Dalam hal ini, akupunktur dapat memberikan ahli saraf dan pasien pendekatan
analgesik alternatif lainnya.
Di sisi lain, perubahan konektivitas otak menunjukkan bahwa penghilang rasa sakit
akupunktur mungkin disebabkan oleh peningkatan konektivitas daerah, termasuk S1,
MTG, supramarginal gyrus, dan korteks insular, yang secara fungsional terkait
dengan memodulasi jalur nyeri umum dan dapat mengubah persepsi nyeri dari
reseptor nosiseptif menjadi matriks nyeri.
S1 dianggap sebagai simpul utama dalam lokalisasi dan diskriminasi nyeri (29). Nyeri
kronis mungkin terkait dengan reorganisasi S1, yang menunjukkan bahwa korteks S1
mungkin memainkan peran penting dalam jaringan otak yang memediasi nyeri kronis.
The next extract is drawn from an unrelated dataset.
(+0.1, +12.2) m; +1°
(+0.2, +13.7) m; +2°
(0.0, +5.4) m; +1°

Sebaliknya, MTG memiliki koneksi ke jalur nyeri umum, seperti thalamus dan
cingulate anterior dan korteks prefrontal. Gyr supramarginal adalah korteks terkait
somatosensor yang dapat menafsirkan input sensorik dan terlibat dalam persepsi
ruang dan lokasi ekstremitas. Korteks insular juga dilaporkan sebagai bagian dari
jaringan yang berhubungan dengan rasa sakit dan mencerminkan respons emosi dan
perasaan. Mempertimbangkan semua temuan ini bersama-sama, penelitian ini
mungkin mendukung hipotesis bahwa efek akupunktur mungkin melalui jalur nyeri
lateral (S1, insula) dengan nosisepsi dan kemudian dapat memodulasi persepsi nyeri
dengan mengaktifkan daerah otak lainnya, seperti MTG.
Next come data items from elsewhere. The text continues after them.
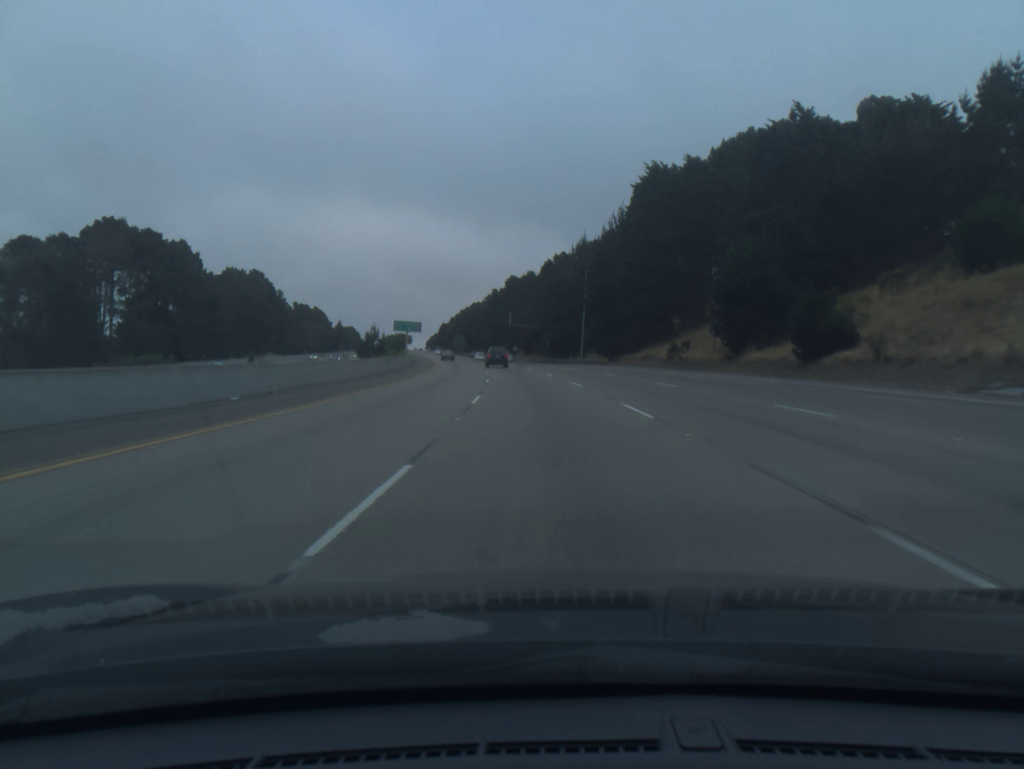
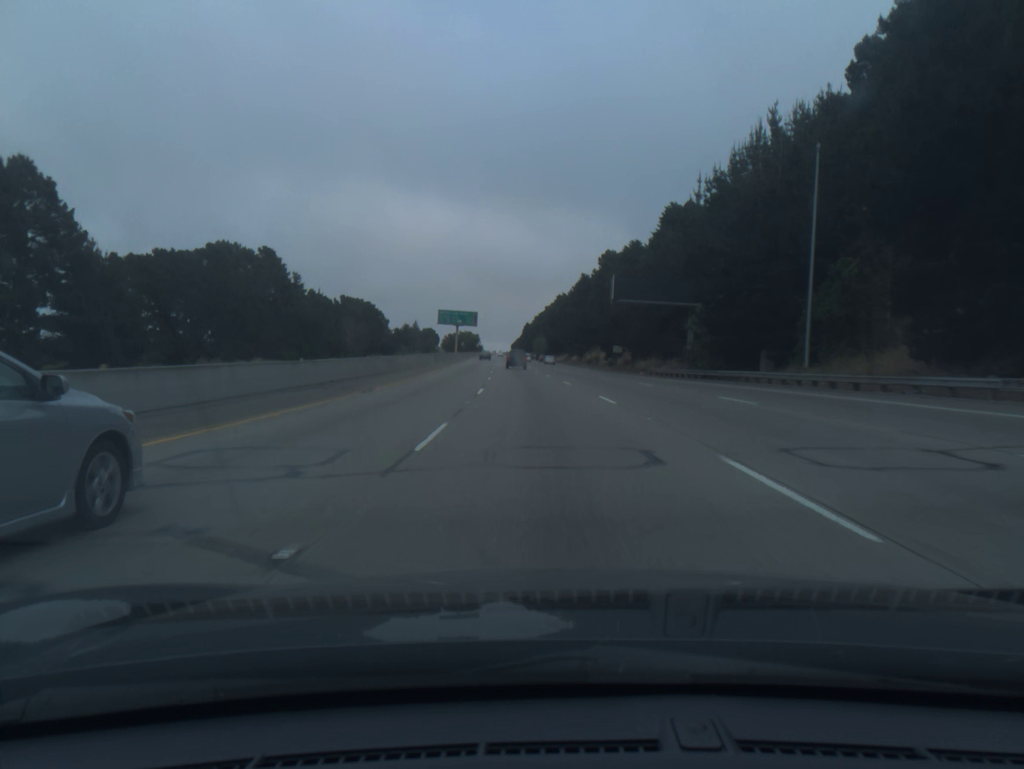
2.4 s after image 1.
(-3.7, +67.7) m; -6°
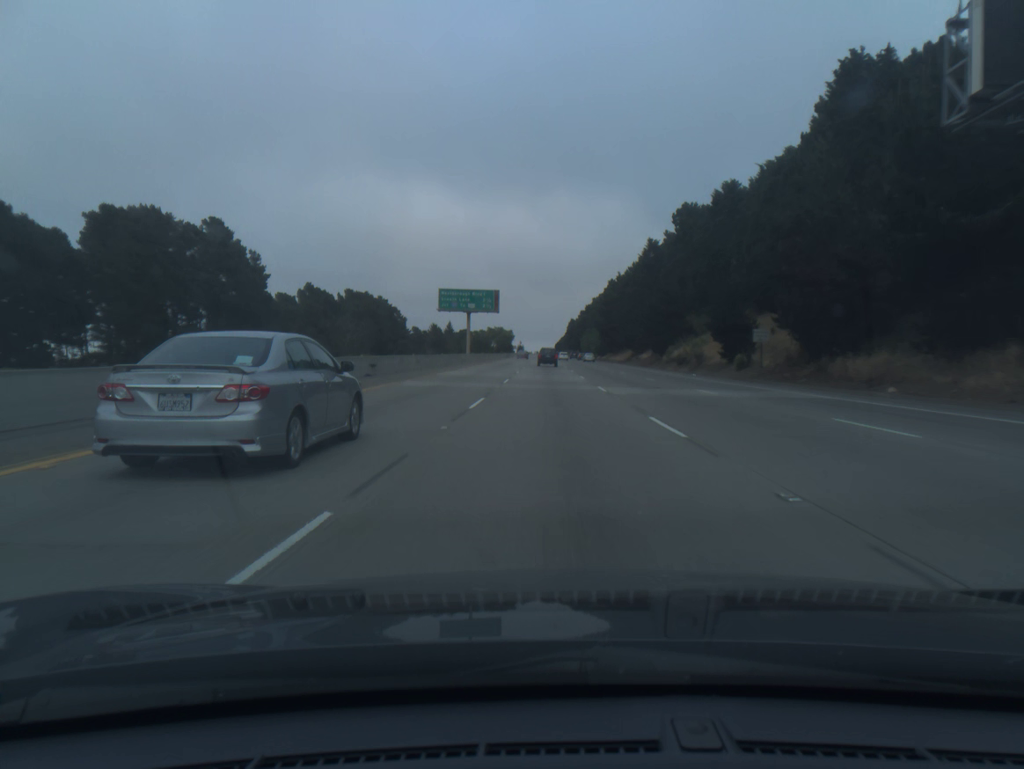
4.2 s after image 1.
(-1.8, +51.5) m; -3°
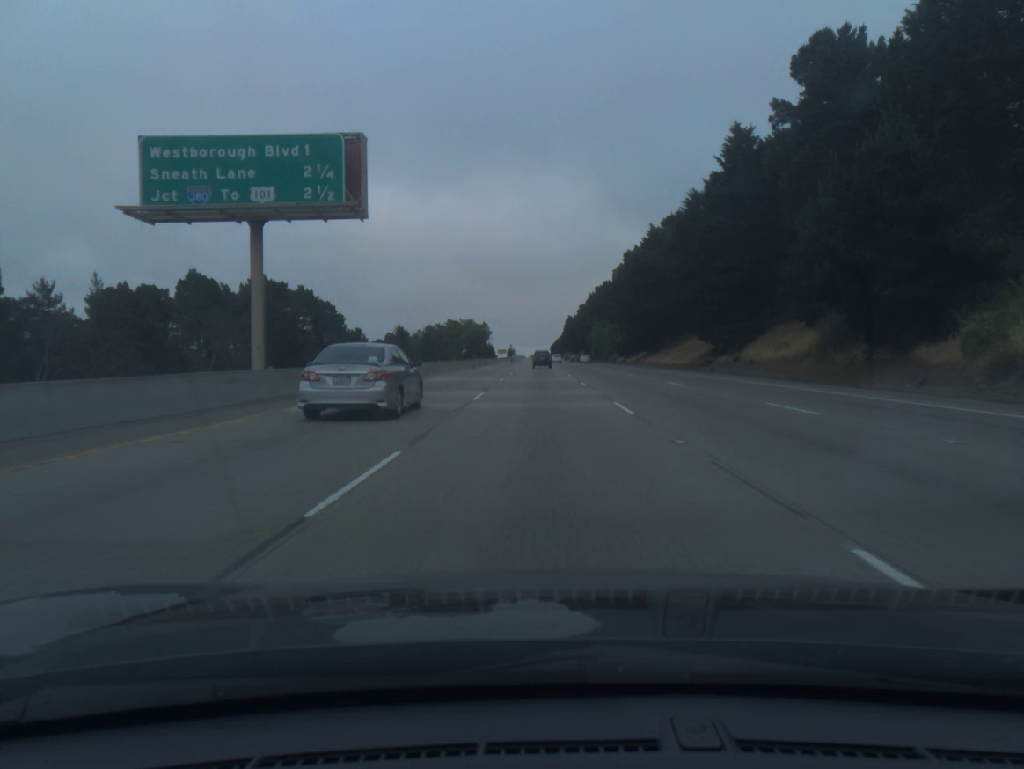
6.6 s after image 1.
(+0.1, +69.3) m; 0°
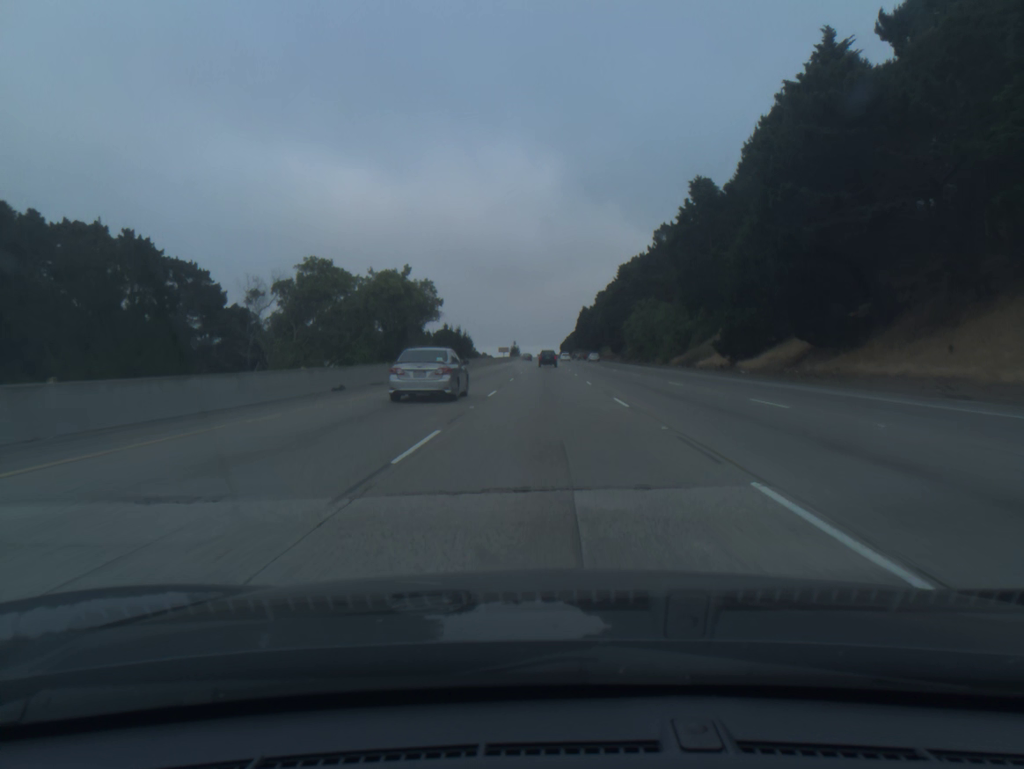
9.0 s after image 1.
(-0.5, +70.5) m; -1°
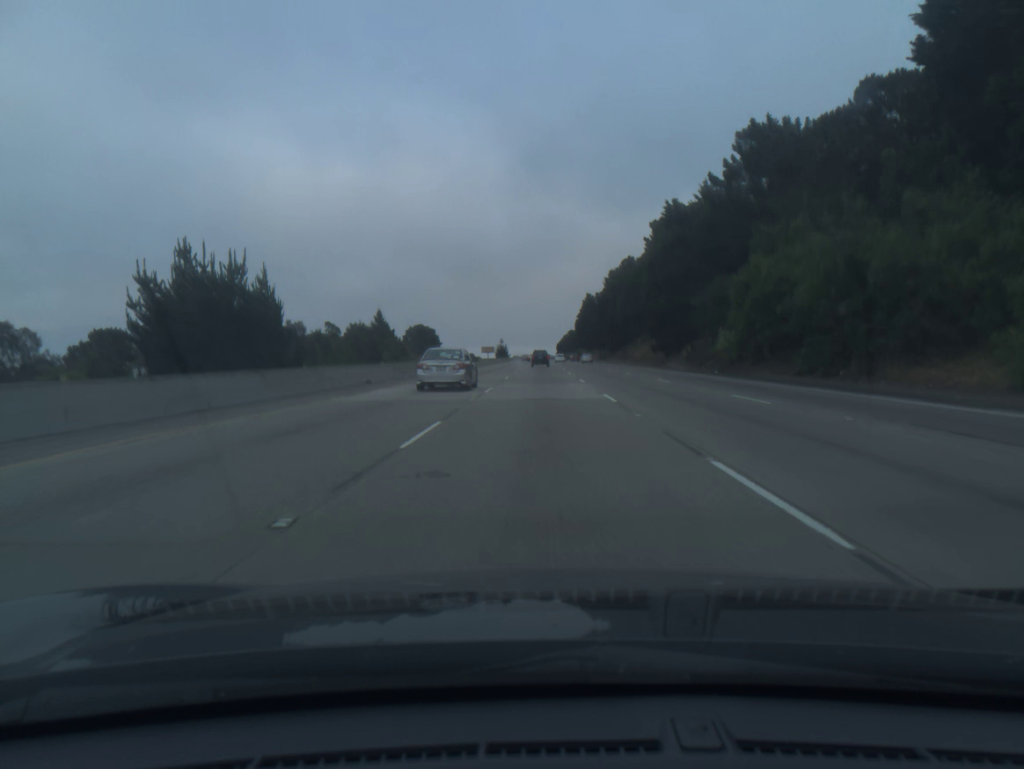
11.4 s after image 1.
(+0.2, +71.9) m; 0°
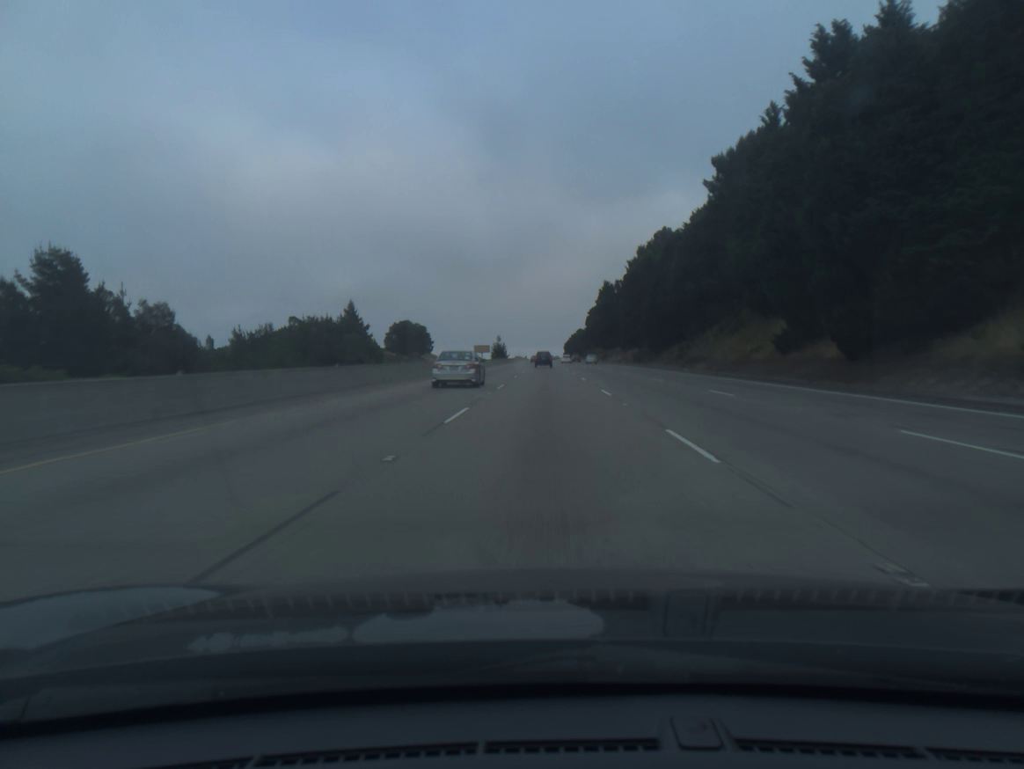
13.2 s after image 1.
(-0.1, +54.7) m; 0°

Atas dasar analisis korelasi antara perubahan konektivitas fungsional dan skor KPPS,
kami menemukan bahwa peningkatan konektivitas antara girus frontal kiri tengah dan
girus precentral kanan berkorelasi negatif dengan total skor KPPS. Temuan ini
mungkin menunjukkan bahwa konektivitas yang lebih kuat antara wilayah ini dapat
dikaitkan dengan penghilang rasa sakit yang lebih efektif. Gyrus precentral dilaporkan
bertanggung jawab untuk memberikan bantuan dari rasa sakit kronis. Selain itu, girus
frontal tengah terletak di korteks prefrontal, yang merupakan bagian dari matriks
nyeri. Yaitu, akupunktur dapat mengurangi rasa sakit dengan meningkatkan
konektivitas antara girus precentral dan girus frontal tengah, yang terkait dengan
penghilang rasa sakit.
Sebagai kesimpulan, akupunktur dapat meringankan rasa sakit spesifik pada pasien
dengan PD dengan memodulasi beberapa daerah otak yang terkait dengan aspek
sensoris-diskriminatif dan emosional, terutama yang berkorelasi dengan S1, MTG,
korteks insular, korteks prefrontal, dan girus frontal tengah. Selain itu, OFC adalah
wilayah spesifik yang terlibat dalam nyeri malam hari. Penggunaan rs-fMRI dalam
penelitian kami mungkin memberikan bukti berbasis pencitraan untuk perbaikan
klinis strategi perawatan akupunktur. Studi saat ini mungkin meningkatkan
kepercayaan diri pengguna bahwa akupunktur mungkin merupakan alat analgesik
yang efektif dan aman untuk menghilangkan rasa sakit pada pasien dengan PD.